**TASK PROMPT:** Retype exactly what appears below from the line containing "What is the total" down to the line containing "Provide a succinct answer. 41.4.", keeping both end lines. Do not include pictures.

======== DATA FOR PROCESSING ========

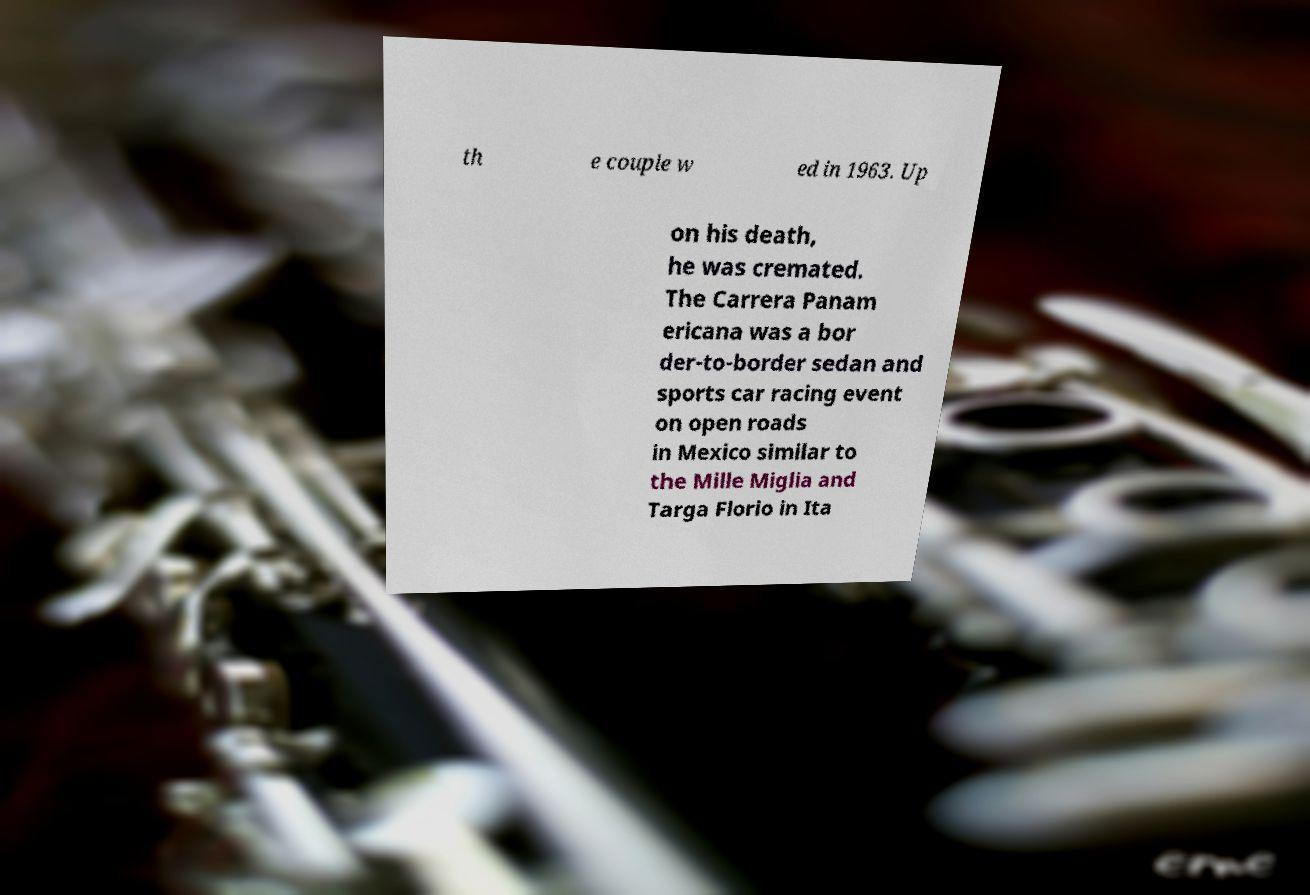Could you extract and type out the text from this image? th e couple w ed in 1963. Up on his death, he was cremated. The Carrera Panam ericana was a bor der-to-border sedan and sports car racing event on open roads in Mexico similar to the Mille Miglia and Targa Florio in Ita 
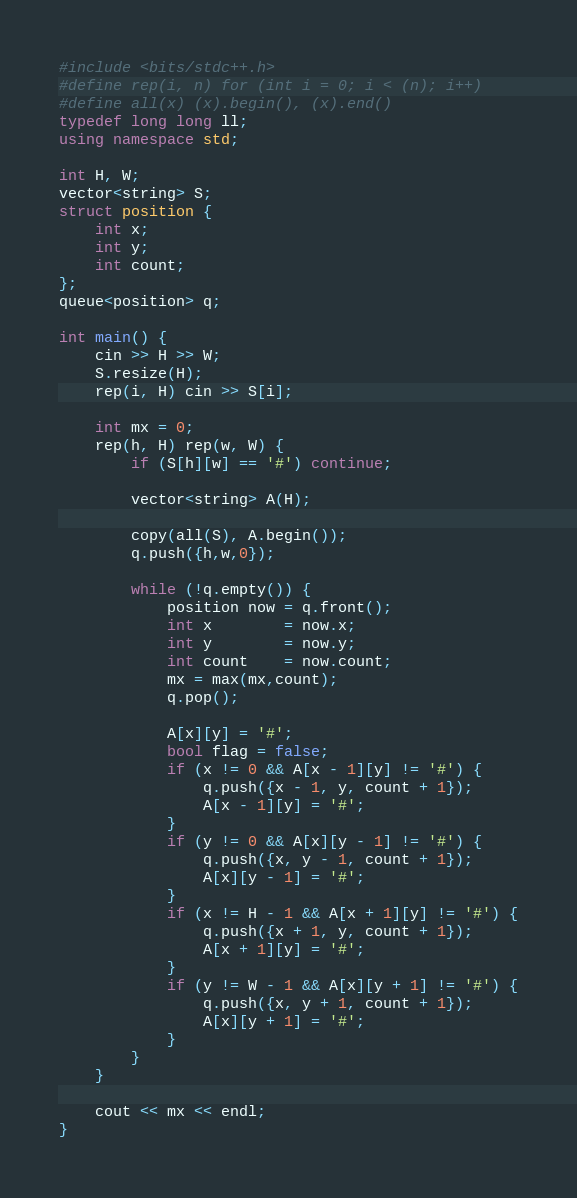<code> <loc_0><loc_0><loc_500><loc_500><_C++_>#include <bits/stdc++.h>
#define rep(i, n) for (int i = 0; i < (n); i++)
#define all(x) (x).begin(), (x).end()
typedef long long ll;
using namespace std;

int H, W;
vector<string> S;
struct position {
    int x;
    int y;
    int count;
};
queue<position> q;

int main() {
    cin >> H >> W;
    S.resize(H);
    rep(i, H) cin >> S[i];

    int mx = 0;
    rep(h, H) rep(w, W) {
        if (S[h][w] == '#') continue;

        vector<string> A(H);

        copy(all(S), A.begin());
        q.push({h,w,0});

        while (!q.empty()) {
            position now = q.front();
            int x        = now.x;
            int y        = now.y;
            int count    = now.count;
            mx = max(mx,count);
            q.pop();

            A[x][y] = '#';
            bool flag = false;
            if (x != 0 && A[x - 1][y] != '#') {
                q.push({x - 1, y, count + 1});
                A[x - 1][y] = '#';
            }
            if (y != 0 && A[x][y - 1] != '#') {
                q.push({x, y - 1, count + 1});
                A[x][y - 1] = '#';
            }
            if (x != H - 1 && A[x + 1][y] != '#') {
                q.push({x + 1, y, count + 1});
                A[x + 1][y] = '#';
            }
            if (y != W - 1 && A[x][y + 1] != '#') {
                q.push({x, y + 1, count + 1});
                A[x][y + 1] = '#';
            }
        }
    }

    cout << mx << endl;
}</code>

========
======== DATA FOR PROCESSING ========

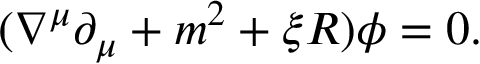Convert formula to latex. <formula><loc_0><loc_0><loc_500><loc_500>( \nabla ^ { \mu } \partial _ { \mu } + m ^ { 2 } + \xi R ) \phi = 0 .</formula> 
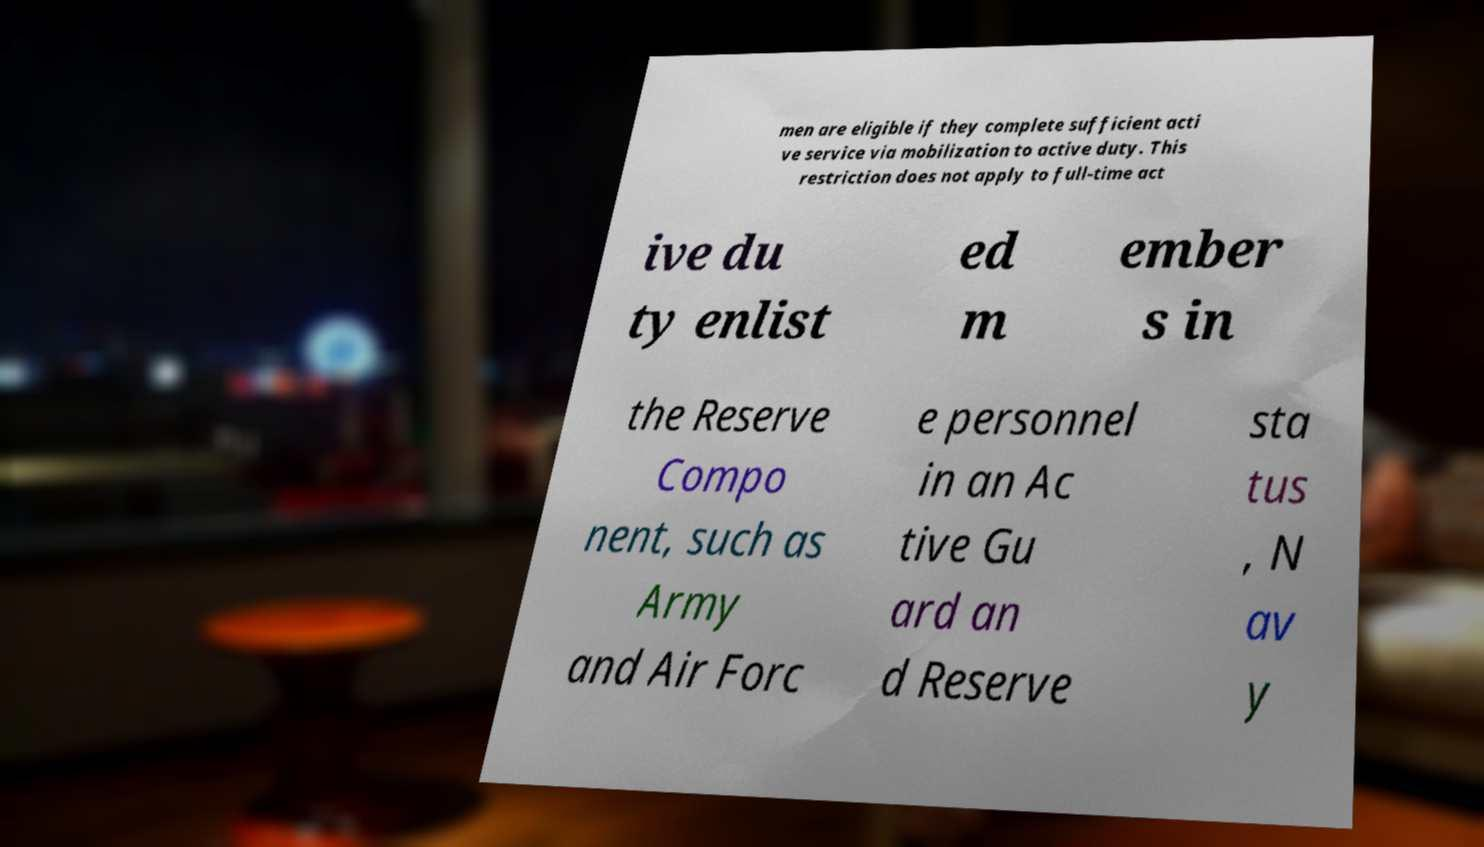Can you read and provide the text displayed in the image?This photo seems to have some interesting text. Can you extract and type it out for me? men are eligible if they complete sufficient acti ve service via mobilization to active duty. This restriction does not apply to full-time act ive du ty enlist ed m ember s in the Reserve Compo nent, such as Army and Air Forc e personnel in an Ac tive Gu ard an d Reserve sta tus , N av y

========
======== DATA FOR PROCESSING ========

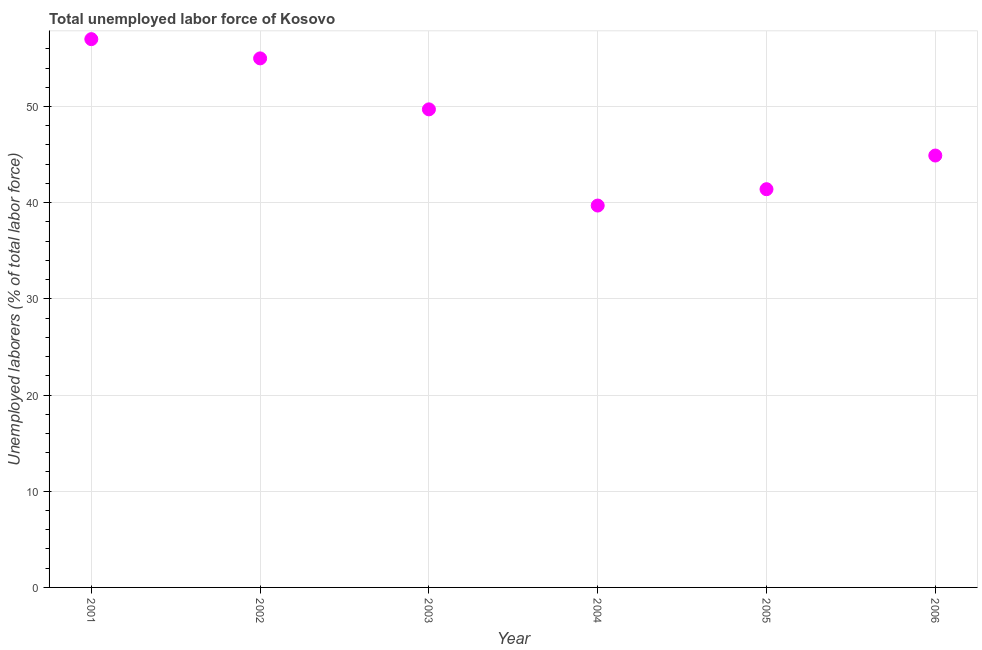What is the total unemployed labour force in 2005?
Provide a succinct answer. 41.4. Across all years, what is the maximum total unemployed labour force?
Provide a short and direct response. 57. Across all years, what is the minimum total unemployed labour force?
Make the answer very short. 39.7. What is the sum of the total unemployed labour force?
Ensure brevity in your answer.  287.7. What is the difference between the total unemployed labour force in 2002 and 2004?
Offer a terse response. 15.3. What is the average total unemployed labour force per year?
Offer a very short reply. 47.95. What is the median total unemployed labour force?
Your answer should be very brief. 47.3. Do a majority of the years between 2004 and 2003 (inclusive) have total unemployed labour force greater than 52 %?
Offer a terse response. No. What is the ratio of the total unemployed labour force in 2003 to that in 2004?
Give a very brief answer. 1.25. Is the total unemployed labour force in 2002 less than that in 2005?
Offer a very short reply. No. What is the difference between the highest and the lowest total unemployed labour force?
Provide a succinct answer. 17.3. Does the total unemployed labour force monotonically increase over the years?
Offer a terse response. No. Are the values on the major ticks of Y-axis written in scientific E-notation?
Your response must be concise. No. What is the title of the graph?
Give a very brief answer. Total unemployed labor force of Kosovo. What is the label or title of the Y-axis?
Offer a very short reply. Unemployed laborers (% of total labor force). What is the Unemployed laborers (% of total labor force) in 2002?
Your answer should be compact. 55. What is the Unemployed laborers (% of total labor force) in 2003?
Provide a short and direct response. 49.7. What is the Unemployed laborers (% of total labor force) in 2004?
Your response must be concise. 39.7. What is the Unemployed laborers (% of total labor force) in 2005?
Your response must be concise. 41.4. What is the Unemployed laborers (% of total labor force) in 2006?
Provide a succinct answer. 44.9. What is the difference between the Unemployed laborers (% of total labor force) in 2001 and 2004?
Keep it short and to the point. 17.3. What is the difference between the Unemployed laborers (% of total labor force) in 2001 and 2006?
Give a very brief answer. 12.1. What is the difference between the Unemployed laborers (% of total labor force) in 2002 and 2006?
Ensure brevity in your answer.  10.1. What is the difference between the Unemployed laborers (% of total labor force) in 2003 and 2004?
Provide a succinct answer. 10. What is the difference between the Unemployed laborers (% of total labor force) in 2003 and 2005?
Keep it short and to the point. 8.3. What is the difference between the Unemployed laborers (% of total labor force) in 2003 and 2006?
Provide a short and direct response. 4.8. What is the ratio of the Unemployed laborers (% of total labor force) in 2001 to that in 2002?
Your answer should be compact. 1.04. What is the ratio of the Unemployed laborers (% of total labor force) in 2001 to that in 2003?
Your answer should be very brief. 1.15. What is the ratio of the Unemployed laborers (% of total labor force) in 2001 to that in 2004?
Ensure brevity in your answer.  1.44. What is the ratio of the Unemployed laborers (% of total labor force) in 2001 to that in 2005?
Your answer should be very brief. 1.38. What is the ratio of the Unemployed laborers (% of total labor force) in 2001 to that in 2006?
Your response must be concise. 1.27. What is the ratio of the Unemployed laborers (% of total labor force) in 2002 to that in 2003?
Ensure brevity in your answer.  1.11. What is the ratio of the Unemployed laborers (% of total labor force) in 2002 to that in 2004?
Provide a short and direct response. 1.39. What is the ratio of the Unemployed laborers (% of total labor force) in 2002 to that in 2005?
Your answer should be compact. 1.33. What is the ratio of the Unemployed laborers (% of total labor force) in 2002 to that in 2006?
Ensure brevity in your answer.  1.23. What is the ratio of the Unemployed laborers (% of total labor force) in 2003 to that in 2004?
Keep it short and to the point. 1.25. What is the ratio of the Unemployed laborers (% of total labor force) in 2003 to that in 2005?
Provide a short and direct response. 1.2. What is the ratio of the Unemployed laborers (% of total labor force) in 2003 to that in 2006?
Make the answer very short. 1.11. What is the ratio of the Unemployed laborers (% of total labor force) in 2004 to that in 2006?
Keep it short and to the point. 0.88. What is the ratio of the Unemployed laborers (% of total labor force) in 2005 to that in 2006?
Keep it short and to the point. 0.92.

========

**WRITTEN SOLUTION:**
What is the total unemployed labour force in 2005?
Provide a succinct answer. 41.4. Across all years, what is the maximum total unemployed labour force?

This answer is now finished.